Systems are made of subsystems
The question, now, is: How do you start experimenting with growth levers?
Seeing growth as a system can be overwhelming because of the number of moving parts, feedback loops, and emerging patterns to think about.
The answer is to break the growth system down.
Why it is necessary to see a system as made of subsystems
Thomas Starr and Timothy Allen tell the story of two watchmakers, Hora and Tempus in their book, Hierarchy Perspectives.
Both Hora and Tempus were fine craftsmen who developed watches that were composed of a thousand distinct parts.
Both their shops were filled with customers for a while but over time Hora got more and more customers and Tempus got less and less.
Tempus put his watches together in such a way that if he was distracted halfway through building one — to answer the door, for example — all the pieces fell apart, and he had to start from scratch. The more customers he got, the fewer watches he finished.
Hora did things a little differently. Though his watches were composed of the same number of pieces, he built in tens. He would build a group of ten elements that he would then organize into a larger subsystem, ten subsystems made the whole watch. Whenever he was interrupted, Hora didn’t have to start from scratch and lost only a small part of his work.
What do the subsystems of a growth system look like?
The story of Hora and Tempus shows that subsystems can help organise patterns. To build a pattern in a subsystem makes it less susceptible to disruption.
What could the subsystems of a SaaS growth system look like, though?
In SaaS, the question of building subsystems is closely tied to the question of how you’re going to measure their effectiveness.
The answer lies, as it does with most things in SaaS, with metrics.
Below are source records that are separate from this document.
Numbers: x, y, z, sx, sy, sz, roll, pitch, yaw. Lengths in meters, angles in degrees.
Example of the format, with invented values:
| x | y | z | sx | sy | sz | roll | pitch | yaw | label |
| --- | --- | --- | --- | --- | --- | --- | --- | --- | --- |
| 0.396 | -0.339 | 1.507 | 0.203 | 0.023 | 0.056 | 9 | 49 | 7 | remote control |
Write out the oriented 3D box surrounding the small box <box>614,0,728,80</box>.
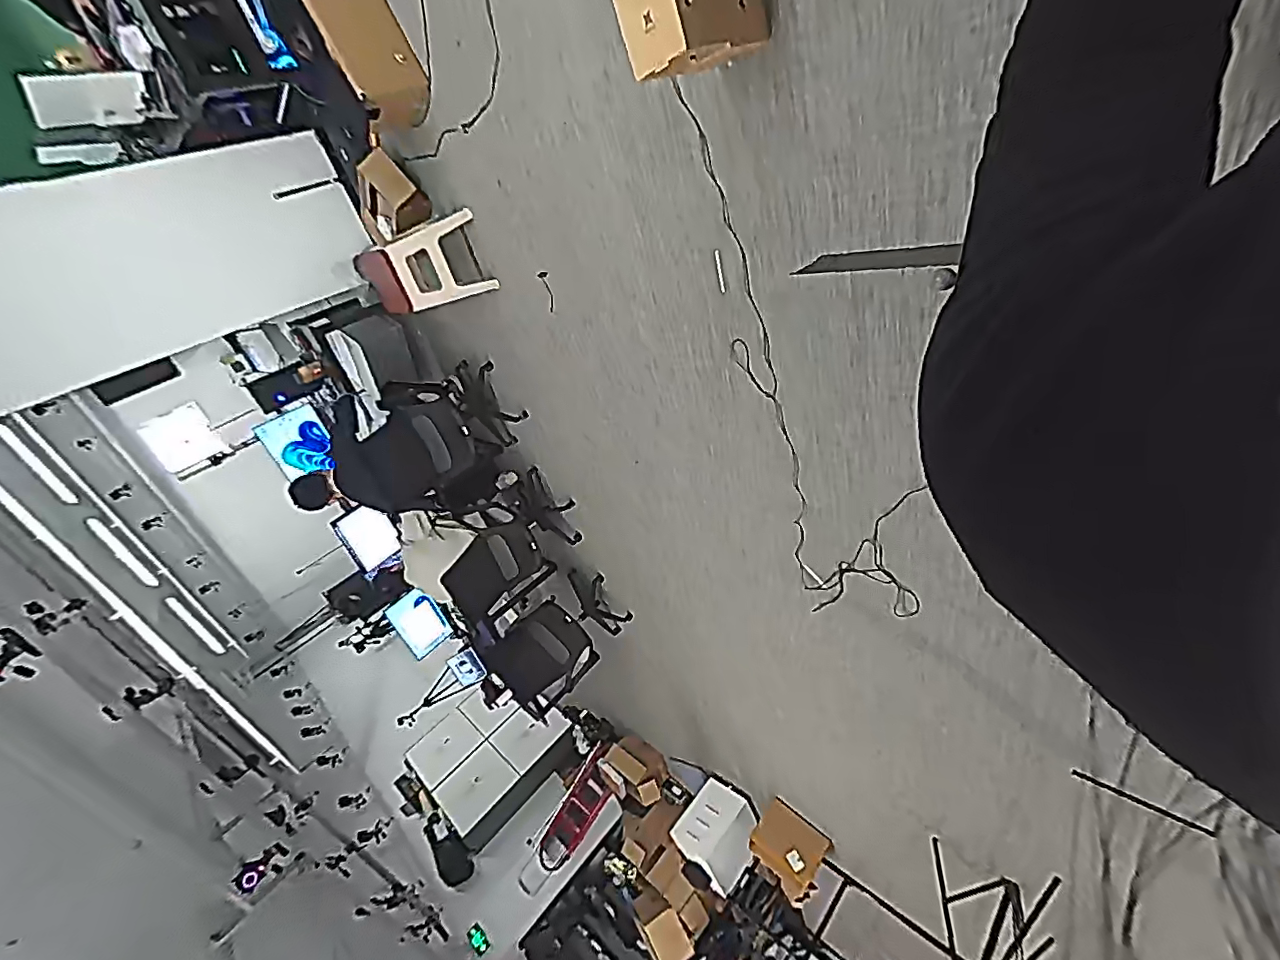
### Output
| x | y | z | sx | sy | sz | roll | pitch | yaw | label |
| --- | --- | --- | --- | --- | --- | --- | --- | --- | --- |
| 0.073 | -1.042 | 1.212 | 0.168 | 0.176 | 0.179 | 9 | 128 | 47 | small box |

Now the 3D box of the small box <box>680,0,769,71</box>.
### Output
| x | y | z | sx | sy | sz | roll | pitch | yaw | label |
| --- | --- | --- | --- | --- | --- | --- | --- | --- | --- |
| 0.185 | -1.124 | 1.298 | 0.168 | 0.176 | 0.179 | 13 | 133 | 46 | small box |
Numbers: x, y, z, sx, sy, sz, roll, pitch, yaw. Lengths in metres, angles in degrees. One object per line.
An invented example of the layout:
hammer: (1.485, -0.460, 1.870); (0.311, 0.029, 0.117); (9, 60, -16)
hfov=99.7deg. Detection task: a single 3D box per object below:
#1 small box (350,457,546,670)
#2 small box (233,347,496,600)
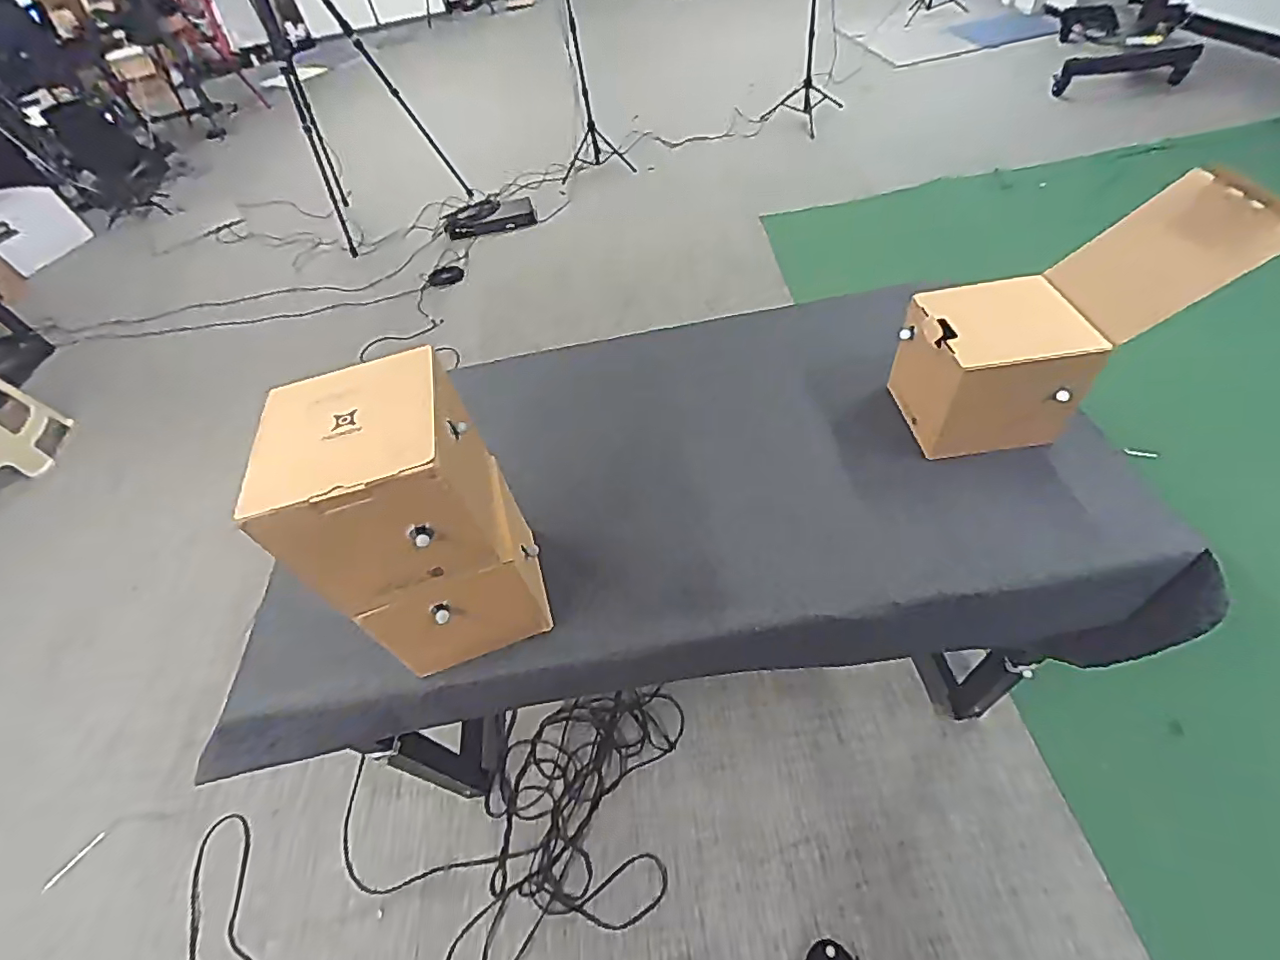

And metrics begin and end with the customer lifecycle — acquisition, activation, retention, revenue, and referral (from Dave McClure).
Let them be our subsystems.
An acquisition pattern might look like this: User discovers top of the funnel blog post on Google > user reads the post > user visits pricing page > user signs up for free trial
User tries out a free tool you’ve made > user signs up for a product demo (three months later)
A retention pattern might look like this: user’s payment fails > payment failure email sent out > card is retried and payment is automatically recovered > customer is successfully retained
User’s engagement inside the app is at an all time low > user signs up for webinar you’ve put together on customer success > user’s engagement rises after the webinar
The options, permutations, and combinations are endless across AARRR (acquisition, activation, retention, revenue, and referral).
And experimenting with them is the only way to find out whether a growth lever (like freemium vs free trial in the acquisition subsystem or transactional email campaigns vs customer success webinars in the retention subsystem) is working or not.
A growth lever is only as powerful as the pattern it is embedded in.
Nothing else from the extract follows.